# Moving to Mexico City



## EireLDN (Dec 16, 2015)

Hello all, just looking for a bit of advice with regards to moving to Mexico City and looking for work.

I'm a recent BSc graduate from a university here in the UK with a fair bit of professional experience in admin, customer facing type roles (currently working in administration at a university). I'm heading back to graduate school at the end of 2016 so I was hoping to spend around six months in Mexico before my program starts.

Fortunately, I have some money saved up and I'm realistic about the type of wages I could pull in over there but I was wondering if anyone had any suggestions as to the best plan for finding a job? Is it possible to secure a job before moving out? Where's the best places to look?

Out of curiousity, what's the situation with obtaining a driver's license without a foreign driver's license to exchange in Mexico City? I read that a test was being put into place as opposed to to signing a few forms and being handed one. Any truth to this/any idea when it's coming into play? 

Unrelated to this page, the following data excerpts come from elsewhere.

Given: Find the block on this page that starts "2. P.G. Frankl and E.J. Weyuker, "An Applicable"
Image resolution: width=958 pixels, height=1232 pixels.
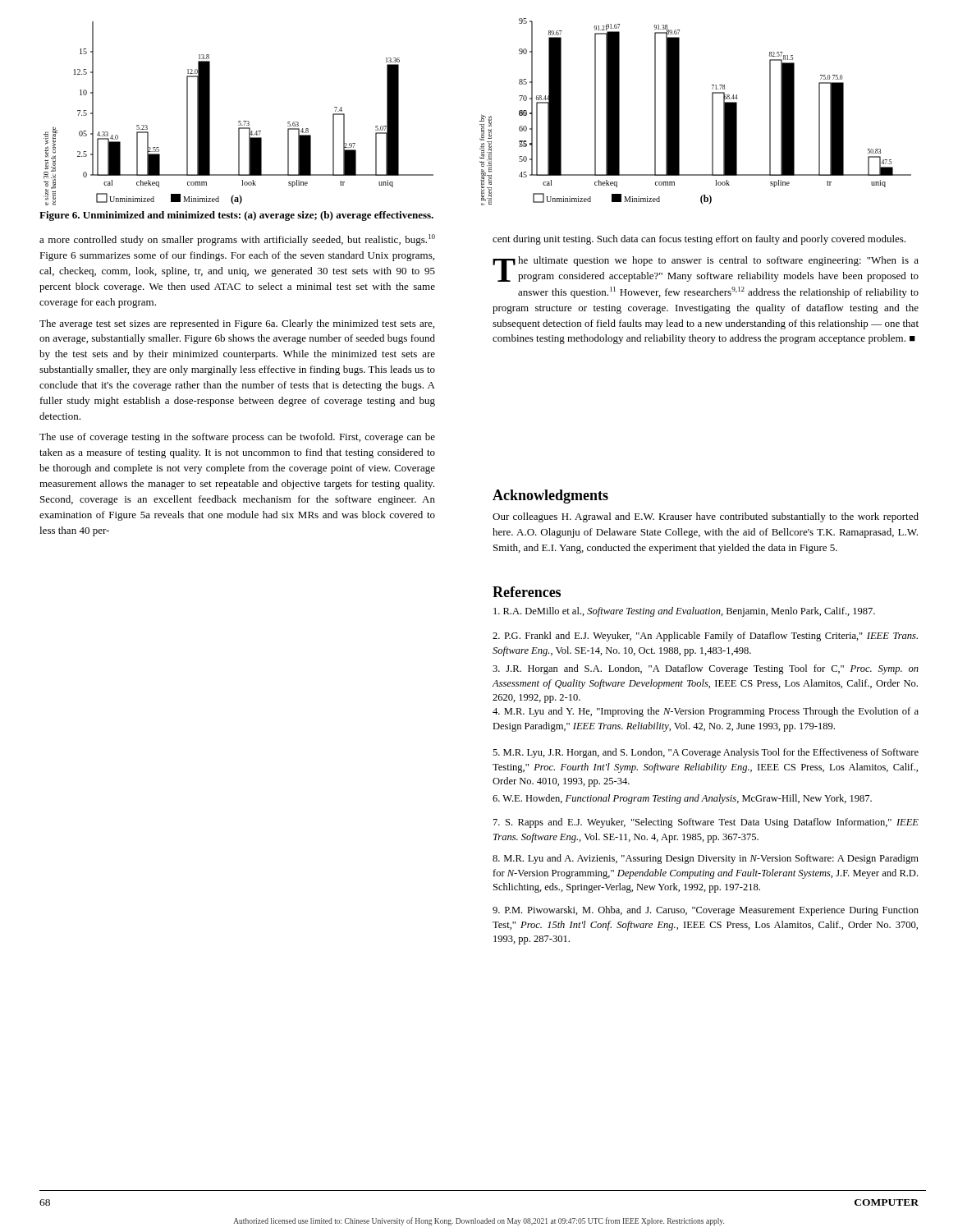Looking at the screenshot, I should coord(706,644).
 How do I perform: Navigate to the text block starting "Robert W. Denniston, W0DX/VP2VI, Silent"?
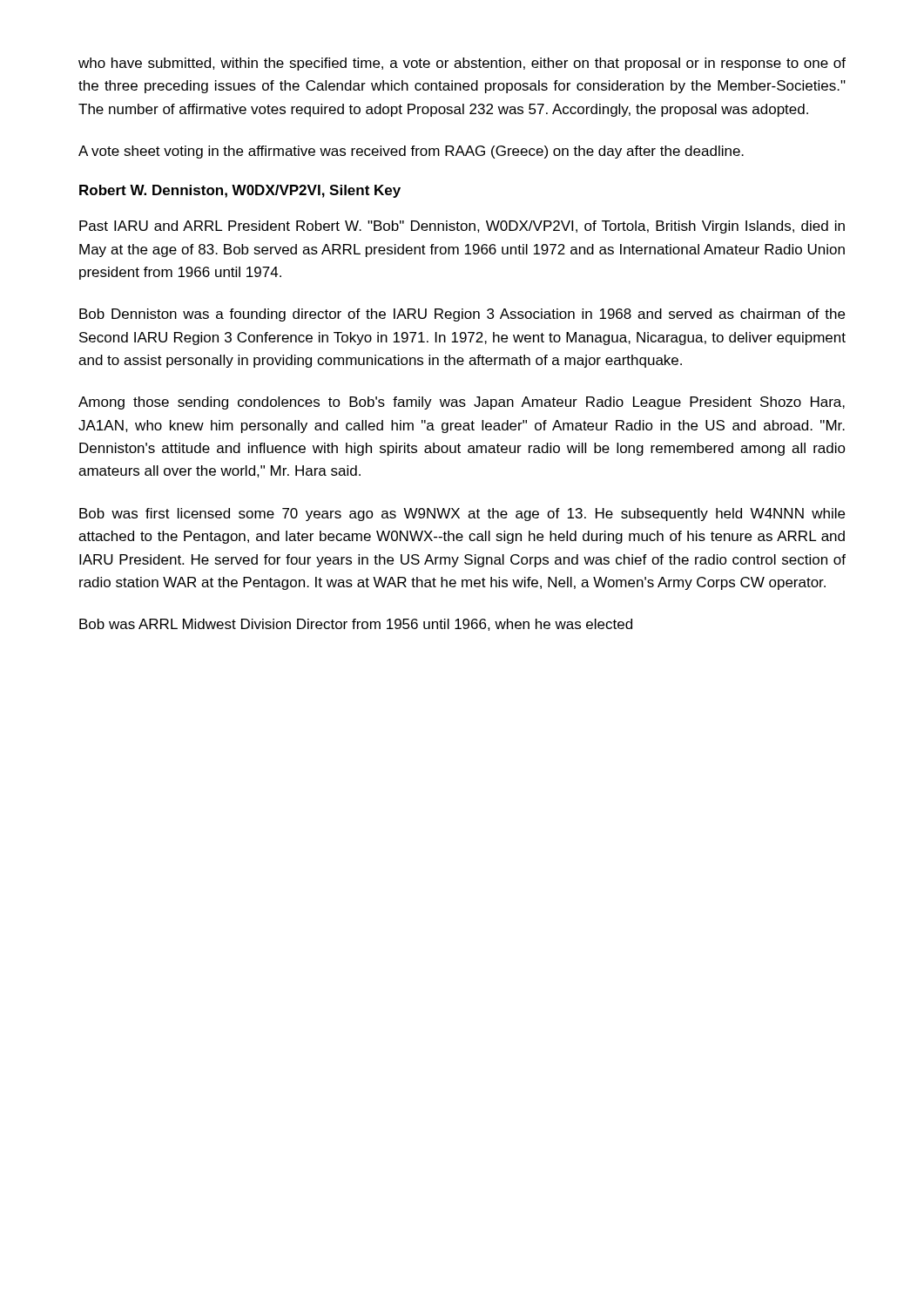[240, 191]
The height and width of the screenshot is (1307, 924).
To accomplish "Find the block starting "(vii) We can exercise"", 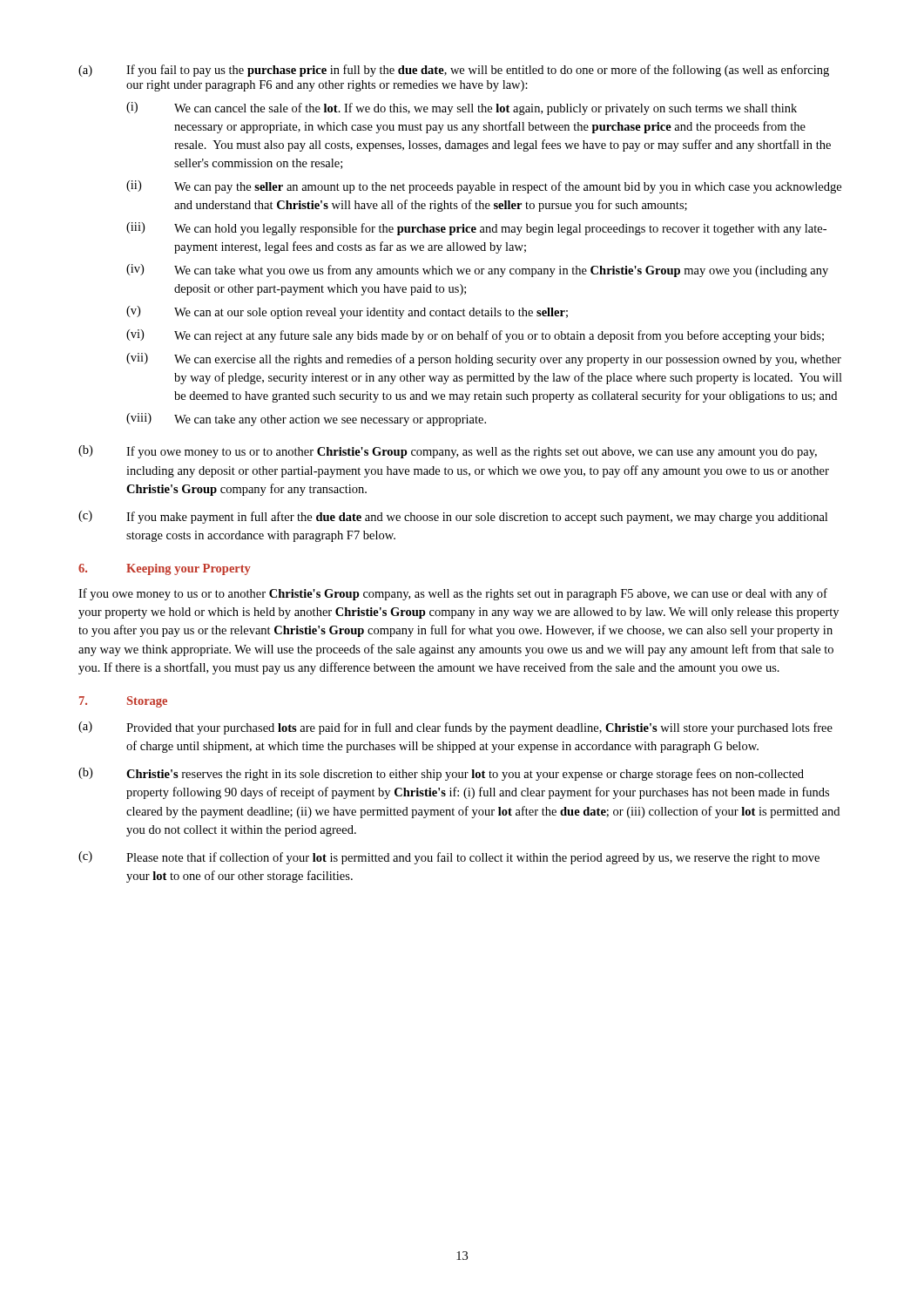I will point(486,378).
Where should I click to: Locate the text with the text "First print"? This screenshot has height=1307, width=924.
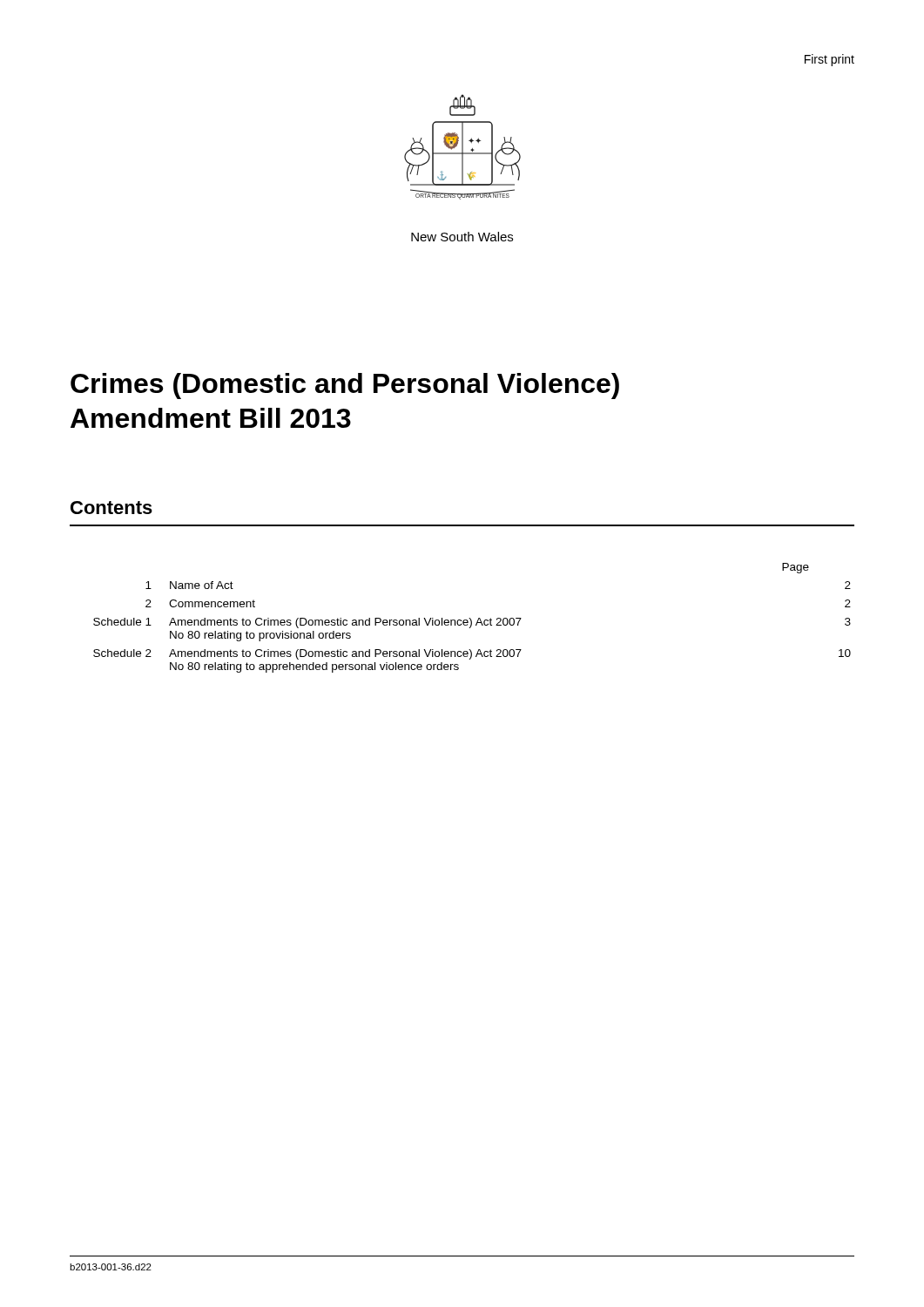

Any help would be much appreciated! Cheers!


----------



## RVGRINGO (May 16, 2007)

Permission to work is required on a temporary residence visa, which may be applied for only at a Mexican consulate in your home country. A tourist is limited to 180 days in Mexico and must leave before that permit expires. A tourist may not work. One with a permanent residence visa may work, but must notify INM authorities. There are financial income requirements to be met for residence visas. 
A prior contract for employment may expedite the process, but must be made before entering Mexico and one must still process through a consulate in the home country.
You cannot just move to Mexico and expect to work. Of course, fluent Spanish would seem necessary.


----------



## Angelpie99 (Apr 4, 2015)

Find British companies operating in Mexico City and try to get a job with them and get transferred. That's the easiest way I've heard to do it. My friend works at an American company in Mexico, and she didn't have to go through so much hassle, since she was just transferred, and she actually never physically worked in the American branch. She was hired as a telecommuter, then just transferred in as office personnel. I don't know all the particulars, but it seems the company takes care of all the paperwork for such a move, and all you have to do is show up.


----------



## TundraGreen (Jul 15, 2010)

EireLDN said:


> Hello all, just looking for a bit of advice with regards to moving to Mexico City and looking for work.
> 
> I'm a recent BSc graduate from a university here in the UK with a fair bit of professional experience in admin, customer facing type roles (currently working in administration at a university). I'm heading back to graduate school at the end of 2016 so I was hoping to spend around six months in Mexico before my program starts.
> 
> ...


If you have some money saved up I would just take the time off. The end of 2016 is such a short time that it may not make much sense for you or for a prospective employer. You can live pretty cheaply in Mexico if you work at it, even traveling around to see the country by bus.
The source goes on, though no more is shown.